→ Items from a data source:
★ ★ ★ ★

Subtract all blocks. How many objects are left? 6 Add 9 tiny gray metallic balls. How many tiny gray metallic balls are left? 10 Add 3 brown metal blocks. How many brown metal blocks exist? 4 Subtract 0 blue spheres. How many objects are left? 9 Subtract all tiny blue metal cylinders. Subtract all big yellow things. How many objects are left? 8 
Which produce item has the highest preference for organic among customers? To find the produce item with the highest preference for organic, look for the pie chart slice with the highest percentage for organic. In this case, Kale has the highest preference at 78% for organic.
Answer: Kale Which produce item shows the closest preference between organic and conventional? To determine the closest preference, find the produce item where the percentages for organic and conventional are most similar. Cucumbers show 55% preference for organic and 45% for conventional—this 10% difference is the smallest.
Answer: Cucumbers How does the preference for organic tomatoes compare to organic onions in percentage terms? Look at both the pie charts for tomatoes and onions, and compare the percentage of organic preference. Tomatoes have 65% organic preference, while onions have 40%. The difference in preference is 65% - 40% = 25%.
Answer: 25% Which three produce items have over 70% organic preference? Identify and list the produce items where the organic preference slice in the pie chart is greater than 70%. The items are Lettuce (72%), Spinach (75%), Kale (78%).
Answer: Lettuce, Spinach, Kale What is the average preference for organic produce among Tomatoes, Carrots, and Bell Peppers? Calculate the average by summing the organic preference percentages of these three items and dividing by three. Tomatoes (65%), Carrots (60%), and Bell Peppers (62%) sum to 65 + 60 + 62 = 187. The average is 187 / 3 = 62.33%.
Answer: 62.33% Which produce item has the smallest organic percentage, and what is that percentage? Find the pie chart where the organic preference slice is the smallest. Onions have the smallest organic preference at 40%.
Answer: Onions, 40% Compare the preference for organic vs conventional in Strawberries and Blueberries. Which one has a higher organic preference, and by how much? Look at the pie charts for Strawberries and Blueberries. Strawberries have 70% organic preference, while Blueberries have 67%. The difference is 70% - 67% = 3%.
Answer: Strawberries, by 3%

★ ★ ★ ★

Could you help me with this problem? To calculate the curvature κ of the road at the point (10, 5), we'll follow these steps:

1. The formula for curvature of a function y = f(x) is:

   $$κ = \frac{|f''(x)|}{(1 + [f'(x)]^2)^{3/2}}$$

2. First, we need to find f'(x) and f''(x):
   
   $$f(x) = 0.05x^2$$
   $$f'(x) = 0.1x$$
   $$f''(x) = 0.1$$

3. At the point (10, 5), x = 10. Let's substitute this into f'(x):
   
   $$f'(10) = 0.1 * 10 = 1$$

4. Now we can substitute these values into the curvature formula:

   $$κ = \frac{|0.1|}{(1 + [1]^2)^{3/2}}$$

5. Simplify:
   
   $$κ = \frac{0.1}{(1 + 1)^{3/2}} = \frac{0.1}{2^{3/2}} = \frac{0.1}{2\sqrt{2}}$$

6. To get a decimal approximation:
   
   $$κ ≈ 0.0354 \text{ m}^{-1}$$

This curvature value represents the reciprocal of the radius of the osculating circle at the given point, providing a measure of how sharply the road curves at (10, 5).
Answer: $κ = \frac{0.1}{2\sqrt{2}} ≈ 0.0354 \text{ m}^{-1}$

★ ★ ★ ★

→ ABOUT THIS EXERCISE: Starting at the line that has "Subtract all blocks." in the records above, restate word for word every line until the one that has "Which produce item has the highest", and include that one as well.

→ SOLUTION FOR THIS TASK:
Subtract all blocks. How many objects are left? 6 Add 9 tiny gray metallic balls. How many tiny gray metallic balls are left? 10 Add 3 brown metal blocks. How many brown metal blocks exist? 4 Subtract 0 blue spheres. How many objects are left? 9 Subtract all tiny blue metal cylinders. Subtract all big yellow things. How many objects are left? 8 
Which produce item has the highest preference for organic among customers? To find the produce item with the highest preference for organic, look for the pie chart slice with the highest percentage for organic. In this case, Kale has the highest preference at 78% for organic.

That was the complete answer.